Seeking Elite status

Janet Parker aims to become first female to qualify for Bassmaster Elite Series.

BRANSON, Mo. — Tomorrow will be the most important day of Janet Parker’s life as a bass pro.

If she does well on Thursday, the first day of the Bass Pro Shops Bassmaster Central Open’s season finale, she’ll be well on her way to being the first woman to qualify for the Bassmaster Elite Series.

To qualify is one thing. To turn Elite is another. Parker has already declared her intention to compete in the sport’s top tier of competition, against the sport’s best. If she gets the chance.

What she needs is enough poundage Thursday from Table Rock Lake to stay in the top five in Central Open points; right now she sits in the No. 2 spot. Alternately, she’d have to be brilliant on Friday, Day Two, to make up for a poor Day One. And hope that others at the top of the points list don’t fare as well. For when it shakes out on Saturday, only the top five in points will receive automatic invitations to join the Elite Series.

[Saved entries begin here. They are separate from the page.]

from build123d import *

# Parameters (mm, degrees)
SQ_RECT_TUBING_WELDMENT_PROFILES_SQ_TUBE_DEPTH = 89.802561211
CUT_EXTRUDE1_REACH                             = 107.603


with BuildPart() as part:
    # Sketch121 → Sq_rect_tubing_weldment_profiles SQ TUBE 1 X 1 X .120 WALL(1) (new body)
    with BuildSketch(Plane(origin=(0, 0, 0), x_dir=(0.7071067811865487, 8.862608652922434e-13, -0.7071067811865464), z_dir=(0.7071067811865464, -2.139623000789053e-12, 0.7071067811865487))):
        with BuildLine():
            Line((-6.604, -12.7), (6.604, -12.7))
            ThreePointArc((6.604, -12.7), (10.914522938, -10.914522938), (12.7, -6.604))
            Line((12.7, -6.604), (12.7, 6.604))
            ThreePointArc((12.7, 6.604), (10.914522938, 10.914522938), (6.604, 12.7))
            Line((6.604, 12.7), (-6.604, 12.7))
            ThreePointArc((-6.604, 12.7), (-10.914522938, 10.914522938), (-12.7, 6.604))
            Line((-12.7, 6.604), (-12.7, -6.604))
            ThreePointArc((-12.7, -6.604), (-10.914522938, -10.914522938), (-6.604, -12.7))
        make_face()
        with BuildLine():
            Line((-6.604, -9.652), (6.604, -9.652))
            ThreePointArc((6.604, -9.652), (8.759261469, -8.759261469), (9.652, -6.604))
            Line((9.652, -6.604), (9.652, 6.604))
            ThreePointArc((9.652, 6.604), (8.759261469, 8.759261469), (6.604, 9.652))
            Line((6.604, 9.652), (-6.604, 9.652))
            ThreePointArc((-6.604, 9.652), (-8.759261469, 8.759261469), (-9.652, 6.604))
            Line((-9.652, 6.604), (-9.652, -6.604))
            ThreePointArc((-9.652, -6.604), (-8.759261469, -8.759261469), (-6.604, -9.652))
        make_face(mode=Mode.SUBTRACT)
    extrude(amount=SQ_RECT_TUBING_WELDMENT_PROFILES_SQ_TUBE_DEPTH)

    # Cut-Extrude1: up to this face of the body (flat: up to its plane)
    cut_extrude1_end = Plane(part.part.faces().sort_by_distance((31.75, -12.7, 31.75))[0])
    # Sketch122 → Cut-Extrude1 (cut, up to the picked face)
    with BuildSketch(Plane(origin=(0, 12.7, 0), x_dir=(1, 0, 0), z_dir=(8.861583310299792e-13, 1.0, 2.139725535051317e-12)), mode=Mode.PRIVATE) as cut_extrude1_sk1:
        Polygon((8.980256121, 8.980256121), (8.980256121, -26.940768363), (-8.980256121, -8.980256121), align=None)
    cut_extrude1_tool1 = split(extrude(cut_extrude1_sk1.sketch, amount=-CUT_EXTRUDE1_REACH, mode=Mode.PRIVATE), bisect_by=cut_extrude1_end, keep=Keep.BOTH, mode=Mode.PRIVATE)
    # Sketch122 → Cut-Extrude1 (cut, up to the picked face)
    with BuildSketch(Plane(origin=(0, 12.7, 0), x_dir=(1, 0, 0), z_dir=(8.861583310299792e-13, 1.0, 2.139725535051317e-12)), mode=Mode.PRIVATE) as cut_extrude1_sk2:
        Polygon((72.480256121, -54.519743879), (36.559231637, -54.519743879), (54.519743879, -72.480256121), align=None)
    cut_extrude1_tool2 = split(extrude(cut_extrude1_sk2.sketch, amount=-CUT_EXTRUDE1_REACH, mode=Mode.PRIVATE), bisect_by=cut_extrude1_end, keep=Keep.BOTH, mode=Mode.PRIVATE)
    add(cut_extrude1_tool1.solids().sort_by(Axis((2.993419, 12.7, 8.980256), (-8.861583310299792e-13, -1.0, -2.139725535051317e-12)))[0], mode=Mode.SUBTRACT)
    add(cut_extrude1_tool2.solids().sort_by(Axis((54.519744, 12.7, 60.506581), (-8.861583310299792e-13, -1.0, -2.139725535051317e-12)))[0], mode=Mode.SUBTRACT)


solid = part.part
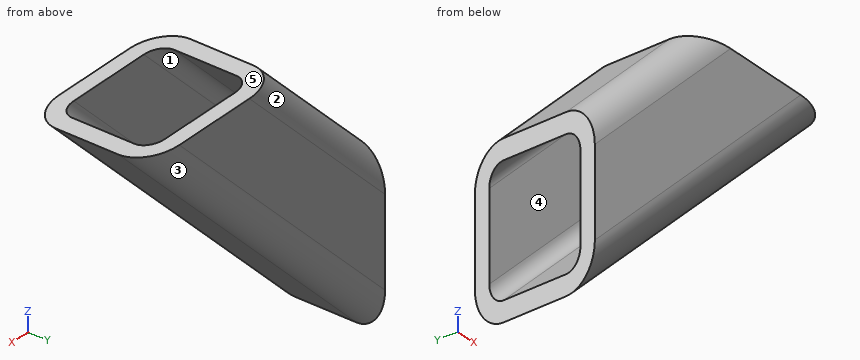
Input: part model. Units: mm. Frame: model coordinates. Face numbers are marked on the shaded views. A direction names the side the tool comes from. Give positions to 0.01 mm unless a question says otherwise; leave off trailing zeros. Write each loop counter-clockwise with the first axis right and the second up, starting at its lowest first coordinate (ties: lowest second). Pieces come first, ordered by that corner, then holes. Notation, with made-up numbers: M 4.5,12.25 L 58.5,12.25 A33 ccw 58.5,44.25 Z; hole C 23,-6 d7. An arc over 180 degrees is marked long. Write item = value, one per line. Start each with the question number.
1) Reachability of the marked faces 1 and 2 from +Z, -Z, +X, -X, +Y, -Y: full face, straight path, thin tool, end or side. Return the list, or none.
2) Cut plane B-B on y = -10.75. Return the cut outline in (x, z).
3) Draft query along Y for the marked faces 3, 4 and 5. Return one class per face: +Y half, -Y half, draft (parallel to the pull), parting line (faces both ways), or undercut.
4) Material intervals for line 1 along Z through (x, y) = (30.5, 2.5); line 2 along Y through (x, z) = (17, 12.5); line 3 along Z through (x, y) = (21.5, 5.5), sorted ascending. Write a range as [from, to].
5) First-contact query: pin 1 Ø1.5 at (x, y) = (58, -2.5) entering from +Z; pin 2 Ø8 at (x, z) = (16, 43.5) entering from -Y; pin 3 Ø4 at (x, z) = (19, -0.5) entering from -Y; pin 4 Ø1.5 at (y, z) = (0, 43.5) entering from +X. Flat tips, straight axial feed; report the tip coordinate or a pass-through.
6) Cut plane A-A on y = 1.25. Return the cut outline in (x, z), then the cut area to 3 significant figures.
Solved:
q1.face_1 = none
q1.face_2 = +Z, -X, +Y
q2.outline = M 8.98,-6.68 L 70.18,54.52 L 38.86,54.52 L 8.98,24.64 Z
q3.face_3 = +Y half
q3.face_4 = undercut
q3.face_5 = draft
q4.line_1 = [12.54, 16.85], [44.15, 48.46]
q4.line_2 = [-12.7, -9.65], [9.65, 12.7]
q4.line_3 = [3.54, 7.85], [35.15, 39.46]
q5.pin_1 = 45.1
q5.pin_2 = through
q5.pin_3 = -9.81
q5.pin_4 = 62.21
q6.outline = M 8.98,-8.98 L 72.48,54.52 L 68.17,54.52 L 8.98,-4.67 Z; M 8.98,22.63 L 40.87,54.52 L 36.56,54.52 L 8.98,26.94 Z
q6.area = 393 mm2

Parker means to be one of them.

She’s invested 10 days of practice on Table Rock over the past few weeks. She has spots, she has patterns, she has an arsenal of lures.

She has confidence. Wednesday, the eve of competition, she described her state of mind in an unusual way.

“I’m feeling froggy,” she said.

That’s a term she picked up when she raced motor bikes about eight years ago. It means, she explained, up to the challenge, optimistic, ready to jump.

The wild card for her is Table Rock’s rapidly changing conditions. Less than a week ago, the area was enjoying Indian Summer. Table Rock water was in the mid-70s. But the weather turned late Monday. Ice-cold rain covered the area Monday night and Tuesday morning. The water temperature dropped to the low 60s. The air temp was barely above freezing on Wednesday morning, Parker’s final practice session. (She usually takes Wednesday to organize her tackle, run errands and get her mind set for competition.)

“The shad are behaving differently than what I saw earlier,” she said Wednesday. Like any pro, she stays tuned to what bass are eating to better predict how she can find and catch them.

Like most of the field, she expects tough fishing on Thursday. “But I’m just going fishing,” she said. “I’ve done everything I can do up to this point, and now I’m just going to go fishing.”

At Wednesday’s pairing and briefing, she drew boat No. 48 in a field of 134 pros. Her co-angler is from Utah, so she won’t have any input from a local sharing her boat — not that she’d wished for that, or even wanted to ask.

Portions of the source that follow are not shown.